What if the bad memory page was being used? Then we can use a technique called block sparing: copy the page of memory to a working area of memory, remap the logical address to the new address, and add the old address to the set of bad pages. (If the page was copied before the test was performed, you can use that copy.) If the memory wasn't corrupted (that is, it passes some other check on the contents, even though the storage hardware is failing for that page) or can be recovered, the system can continue. Otherwise the hardware should then reinitialize and resume from a known state, or go into a restricted fault state.
Tracking bad regions in non-paged memory is a little bit harder than page memory. Structures such as lists, or bitmaps can be used to track the bad regions. Recovery is much harder that with paged memory. In most cases you're probably using the memory ' i.e. the data stack, program variables with a fixed address there ' and can't relocate it. It is better that the device enter a fault state, set a failed bit, and get replaced.
More sophisticated checking techniques may include checks for each of many critical structures in memory. This is finer grained, identifying what records are corrupted as well as the addressable regions.
Yes! The worst problem I've found was memory corruption and it was a matter of figuring out how the corruption was triggered in otherwise good hardware and software.
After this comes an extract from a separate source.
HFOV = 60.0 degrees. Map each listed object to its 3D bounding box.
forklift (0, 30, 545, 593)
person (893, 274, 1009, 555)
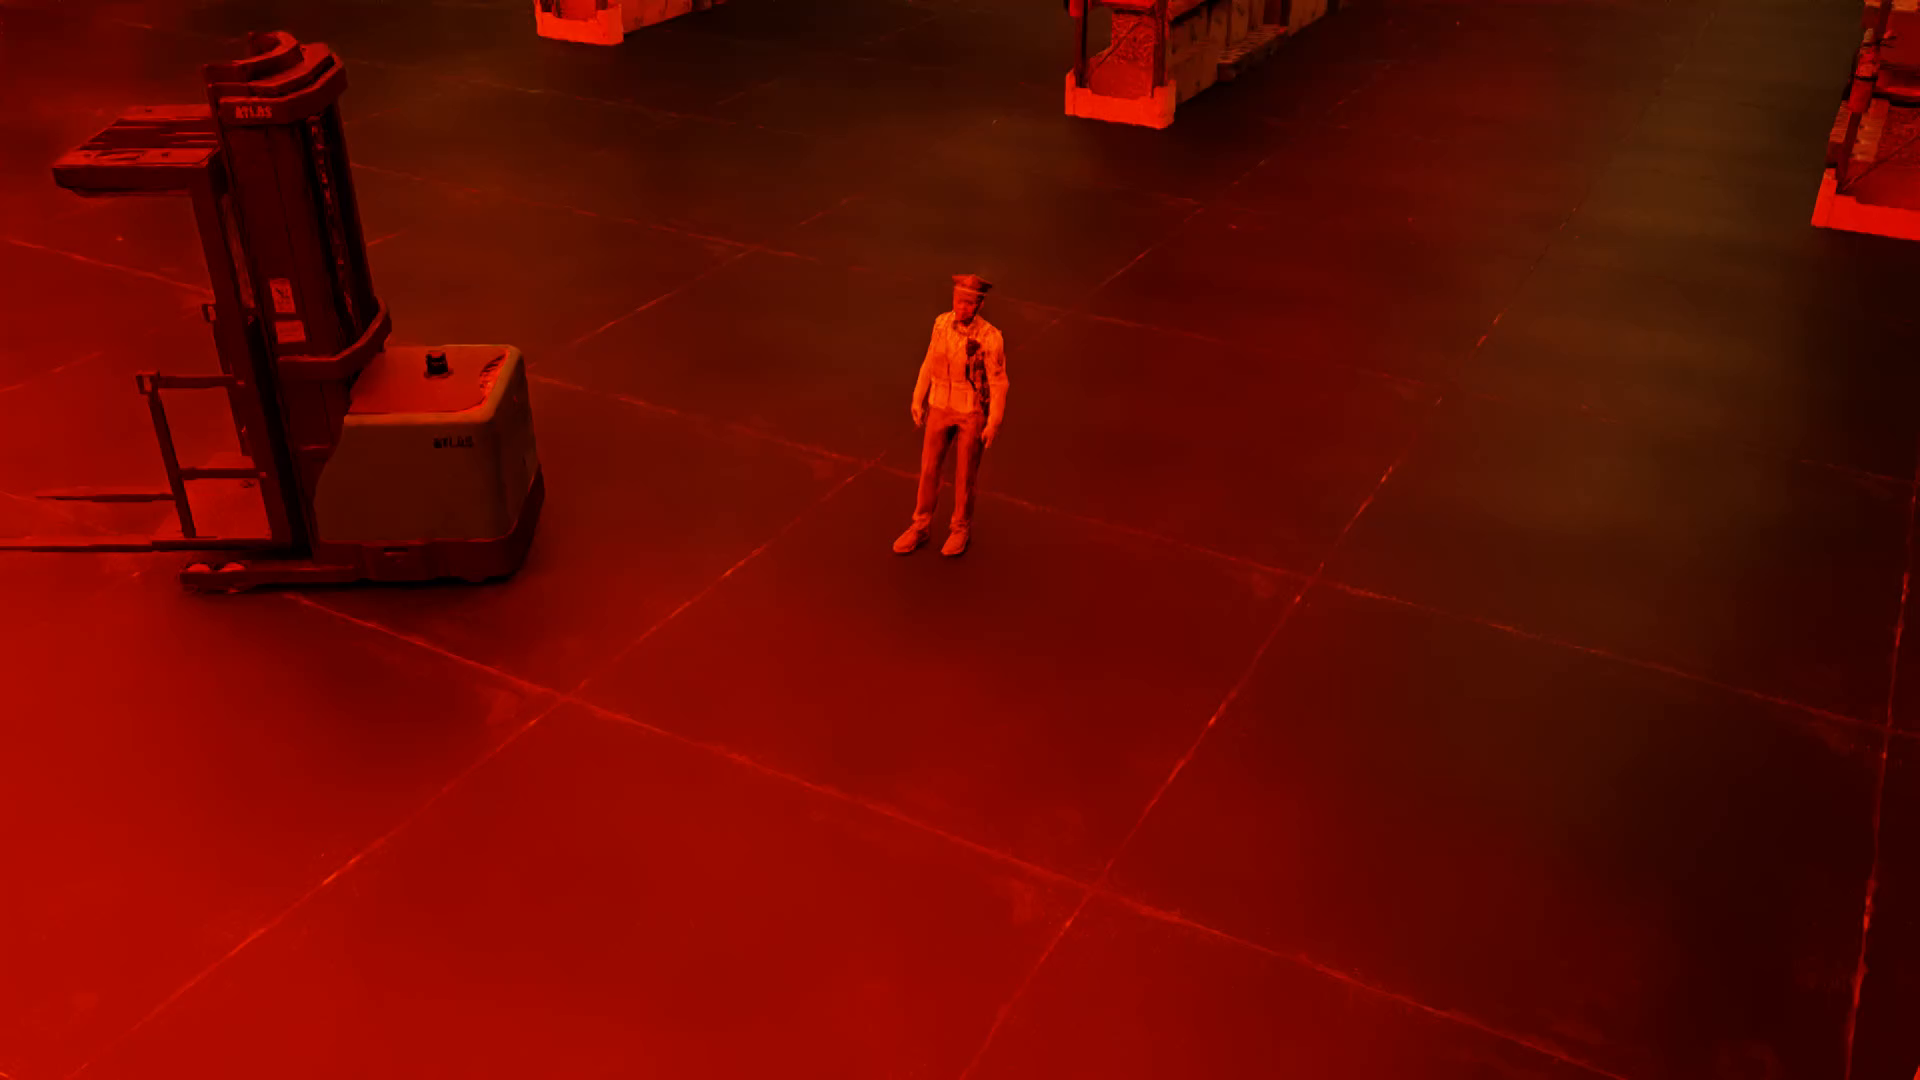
[{"bbox_3d":[-4.073,-1.237,9.214,3.031,2.935,1.130,-1,30,-2],"label":"forklift"},{"bbox_3d":[-0.039,-0.713,9.527,0.586,1.695,0.532,15,33,25],"label":"person"}]

It turned out that the micro-controller had a bad clock signal and would occasionally over-clock the processor. The instruction pointer would randomly jump around in code and execute the instructions to write memory. The random jumps meant the processor could (and eventually would) bypass any checks on write enables that occur before writing sensitive areas, such as program memory, or other nonvolatile memory. There didn't have to be any calling path to this write-memory code, and it would still 'run' when the instruction pointer jumped to it.
(From here we could discuss memory structures that aid in recovery, structures that are resistant to errors.)